Beranda | Artikel
Memahami Hakikat Kesyirikan pada Zaman Jahiliyyah (Bag. 3)
Rabu, 21 Maret 2018

Baca pembahasan sebelumnya Memahami Hakikat Kesyirikan pada Zaman Jahiliyyah (Bag. 2)

Kondisi yang Sama Persis, Bahkan Lebih Parah

Setelah melihat kondisi orang-orang musyrik pada zaman Rasulullah shallallahu ‘alaihi wa sallam, maka marilah kita melihat bersama kondisi kaum muslimin saat ini. Kondisi orang-orang musyrik pada zaman Rasulullah tersebut ternyata sama persis dengan kondisi kaum muslimin pada saat sekarang ini, misalnya dari kalangan pemuja kubur (quburiyyun). Ketika disampaikan nasihat dan dakwah kepada mereka agar meninggalkan beribadah kepada kubur, mereka memberikan argumentasi, ”Kami ini tidak beribadah kepada penghuni kubur. Karena ibadah itu hanya untuk Allah. Akan tetapi, mereka itu adalah perantara antara kami dengan Allah dan pemberi syafa’at di sisi Allah.” Sebagaimana kami pernah mendengar sendiri perkataan (dalih) semacam ini.

Mereka tidak menyadari, bahwa alasan mereka itu sama persis dengan alasan orang musyrik jahiliyyah yang telah sejak dahulu diingkari oleh Allah Ta’ala dalam firman-Nya,

وَيَعْبُدُونَ مِنْ دُونِ اللَّهِ مَا لَا يَضُرُّهُمْ وَلَا يَنْفَعُهُمْ وَيَقُولُونَ هَؤُلَاءِ شُفَعَاؤُنَا عِنْدَ اللَّهِ قُلْ أَتُنَبِّئُونَ اللَّهَ بِمَا لَا يَعْلَمُ فِي السَّمَاوَاتِ وَلَا فِي الْأَرْضِ سُبْحَانَهُ وَتَعَالَى عَمَّا يُشْرِكُونَ

“Dan mereka menyembah selain Allah apa yang tidak dapat mendatangkan kemudharatan kepada mereka dan tidak (pula) kemanfaatan. Dan mereka berkata, ’Mereka itu adalah pemberi syafa’at kepada kami di sisi Allah.’ Katakanlah, ’Apakah kamu mengabarkan kepada Allah apa yang tidak diketahui-Nya baik di langit dan tidak (pula) di bumi?’ Maha Suci Allah dan Maha Tinggi dari apa yang mereka persekutukan (itu).(QS. Yunus [10]: 18)

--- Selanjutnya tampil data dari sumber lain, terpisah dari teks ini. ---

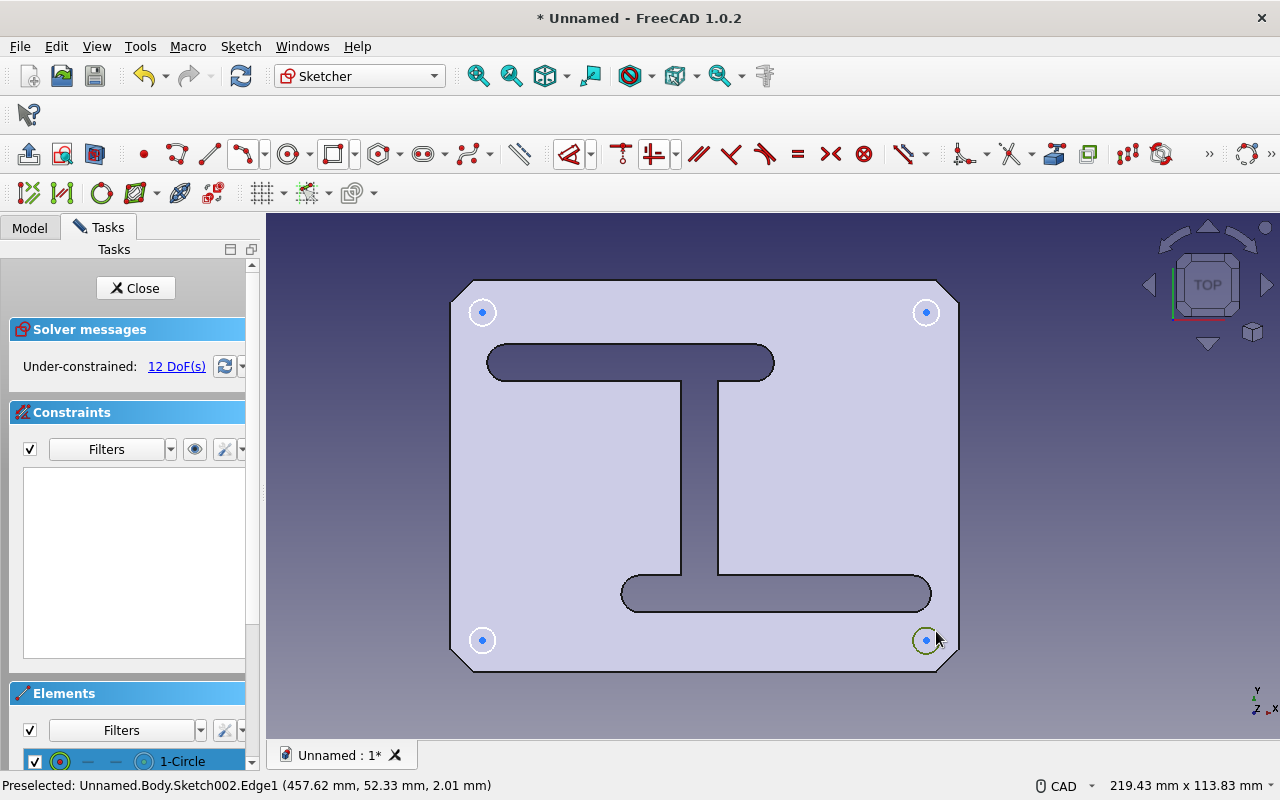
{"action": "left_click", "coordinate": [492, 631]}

Allah Ta’ala juga berfirman,

أَلَا لِلَّهِ الدِّينُ الْخَالِصُ وَالَّذِينَ اتَّخَذُوا مِنْ دُونِهِ أَوْلِيَاءَ مَا نَعْبُدُهُمْ إِلَّا لِيُقَرِّبُونَا إِلَى اللَّهِ زُلْفَى إِنَّ اللَّهَ يَحْكُمُ بَيْنَهُمْ فِي مَا هُمْ فِيهِ يَخْتَلِفُونَ إِنَّ اللَّهَ لَا يَهْدِي مَنْ هُوَ كَاذِبٌ كَفَّارٌ

“Ingatlah, hanya kepunyaan Allah-lah agama yang bersih (dari syirik). Dan orang-orang yang mengambil pelindung selain Allah (berkata), ‘Kami tidak menyembah mereka melainkan supaya mereka mendekatkan kami kepada Allah dengan sedekat-dekatnya.’ Sesungguhnya Allah akan memutuskan di antara mereka tentang apa yang mereka perselisihkan. Sesungguhnya Allah tidak menunjuki orang-orang yang pendusta dan sangat ingkar.(QS. Az-Zumar [39]: 3)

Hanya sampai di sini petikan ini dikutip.